* Assigned task
Starting at the first line of the entries below, restate each line exactly until you reach the line with "Which program has", and print that one too. Leave the pictures out and stop there.

* Data provided

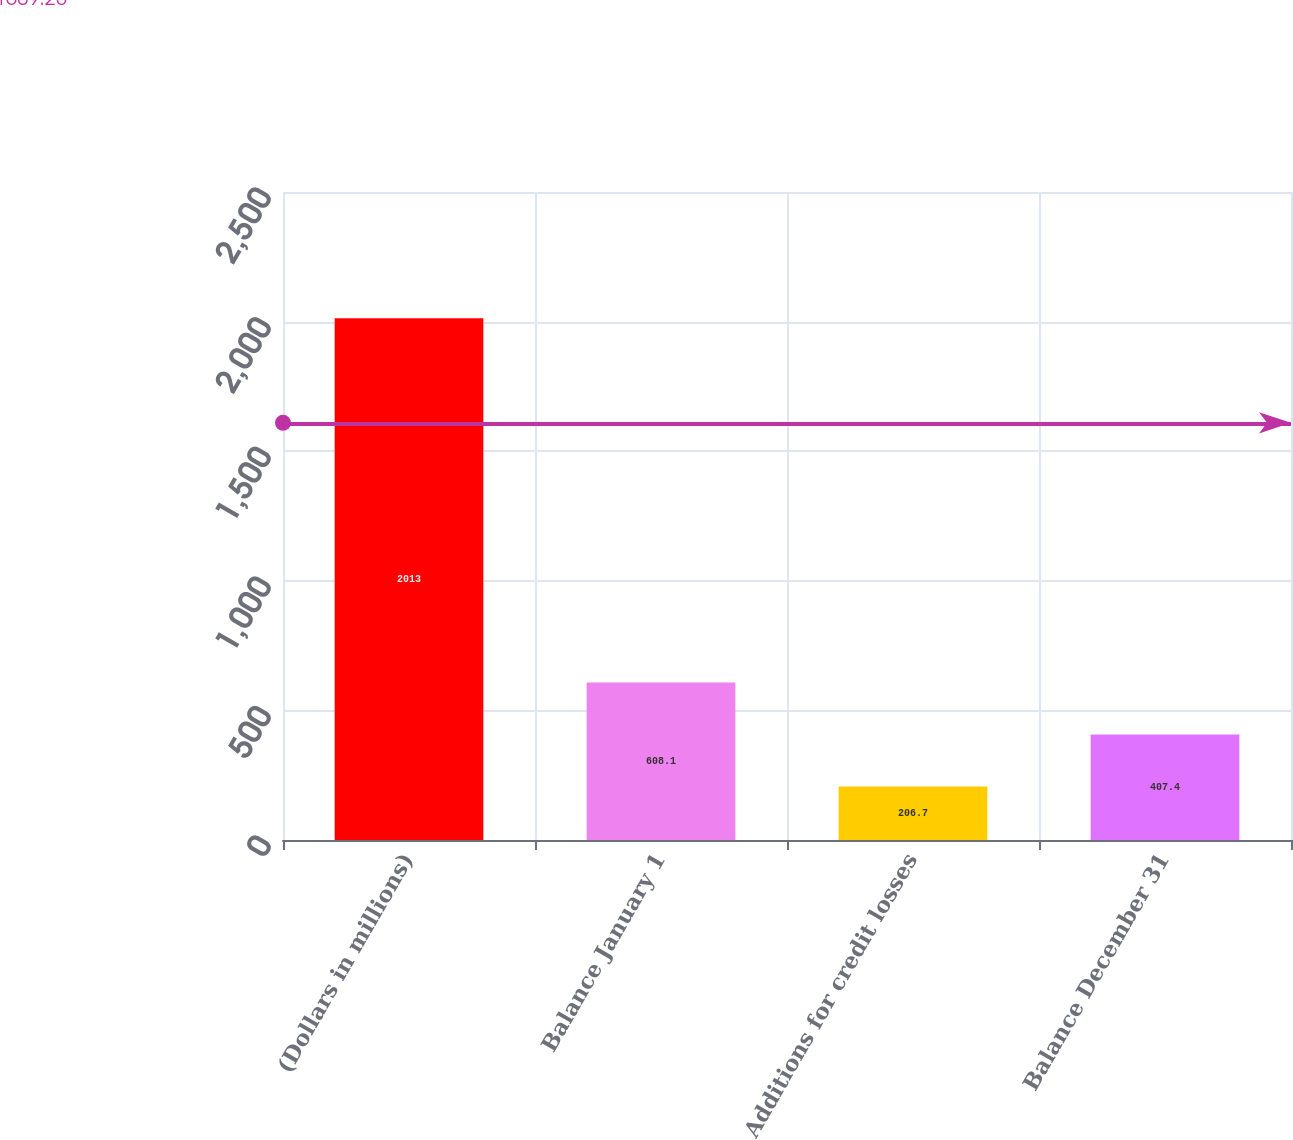<chart> <loc_0><loc_0><loc_500><loc_500><bar_chart><fcel>(Dollars in millions)<fcel>Balance January 1<fcel>Additions for credit losses<fcel>Balance December 31<nl><fcel>2013<fcel>608.1<fcel>206.7<fcel>407.4<nl></chart> 
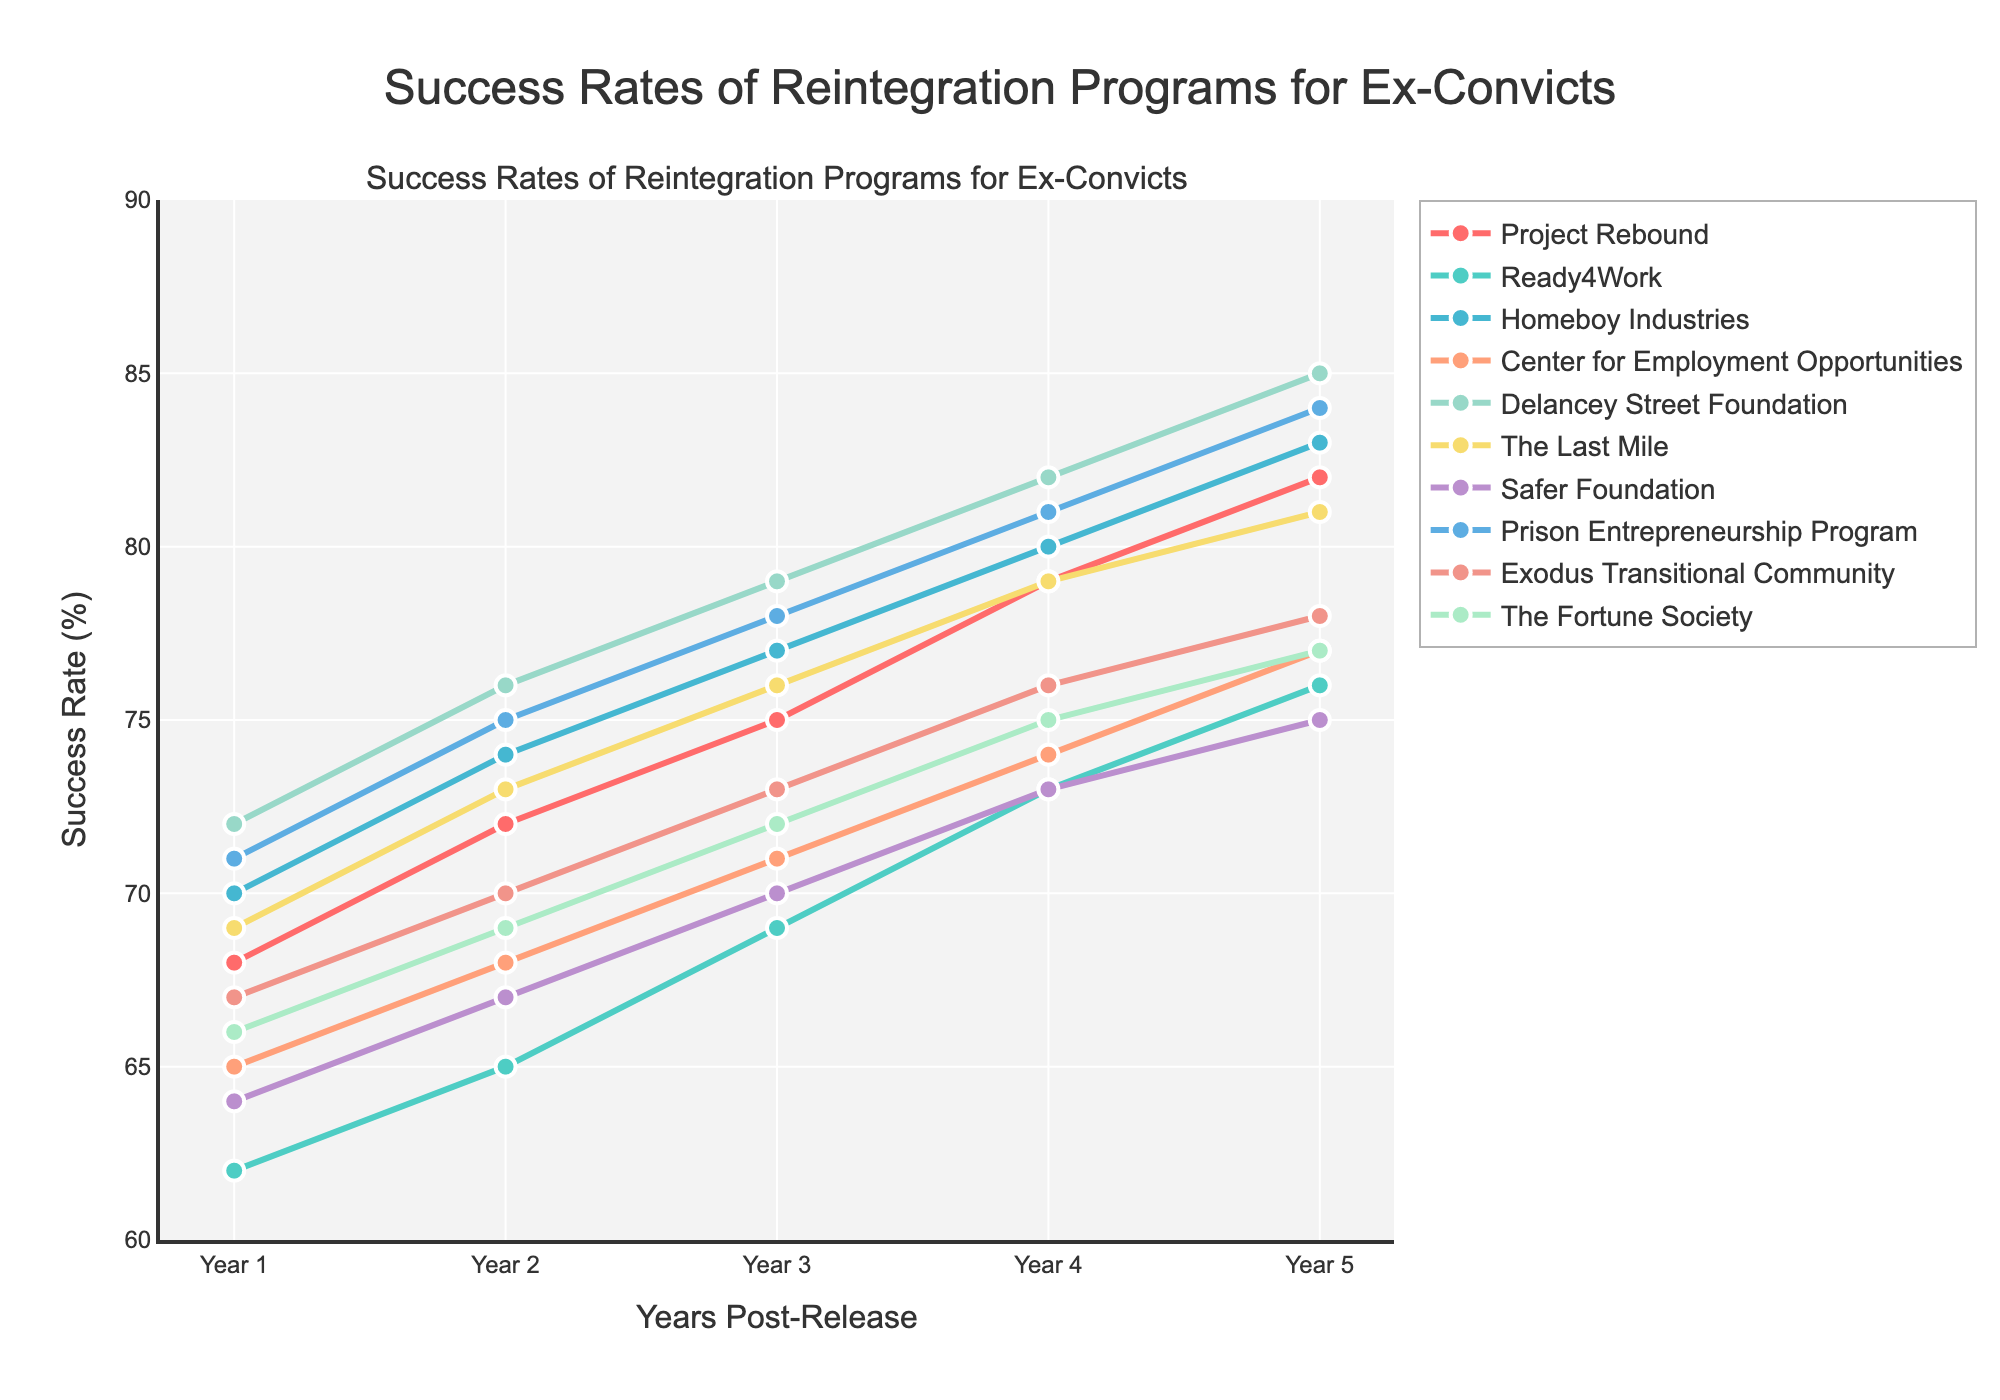Which program has the highest success rate in Year 5? To find the program with the highest success rate in Year 5, look for the highest value in the Year 5 column in the plot. Delancey Street Foundation has the highest success rate at 85%.
Answer: Delancey Street Foundation How does the success rate of Homeboy Industries compare to Exodus Transitional Community in Year 3? Locate the values for Homeboy Industries and Exodus Transitional Community in Year 3 on the plot. Homeboy Industries has a rate of 77%, and Exodus Transitional Community has a rate of 73%. 77% is higher than 73%.
Answer: Homeboy Industries has a higher success rate What is the average success rate across all programs in Year 2? Sum up the success rates of all programs in Year 2 and then divide by the number of programs. The sum is 72 + 65 + 74 + 68 + 76 + 73 + 67 + 75 + 70 + 69 = 709. There are 10 programs, so the average is 709/10 = 70.9%.
Answer: 70.9% Which program shows the most improvement from Year 1 to Year 5? To determine which program shows the most improvement, calculate the difference between Year 5 and Year 1 for each program and identify the largest difference. Delancey Street Foundation improved from 72% to 85%, a difference of 13%. No other program has a difference as large.
Answer: Delancey Street Foundation Among Project Rebound, Ready4Work, and Safer Foundation, which has consistently higher success rates over the five years? Compare the values for Project Rebound, Ready4Work, and Safer Foundation across all five years. Project Rebound has higher values consistently compared to the other two programs: it starts at 68% in Year 1 and ends at 82% in Year 5.
Answer: Project Rebound Which programs have success rates above 80% in Year 5? Check the Year 5 success rates in the plot and identify the programs with rates over 80%. Delancey Street Foundation (85%), Homeboy Industries (83%), and Prison Entrepreneurship Program (84%) are above 80%.
Answer: Delancey Street Foundation, Homeboy Industries, Prison Entrepreneurship Program

* Expected answer
<chart> <loc_0><loc_0><loc_500><loc_500><bar_chart><fcel>(Dollars in millions)<fcel>Balance January 1<fcel>Additions for credit losses<fcel>Balance December 31<nl><fcel>2013<fcel>608.1<fcel>206.7<fcel>407.4<nl></chart> 
Which program has the highest success rate in Year 5? To find the program with the highest success rate in Year 5, look for the highest value in the Year 5 column in the plot. Delancey Street Foundation has the highest success rate at 85%.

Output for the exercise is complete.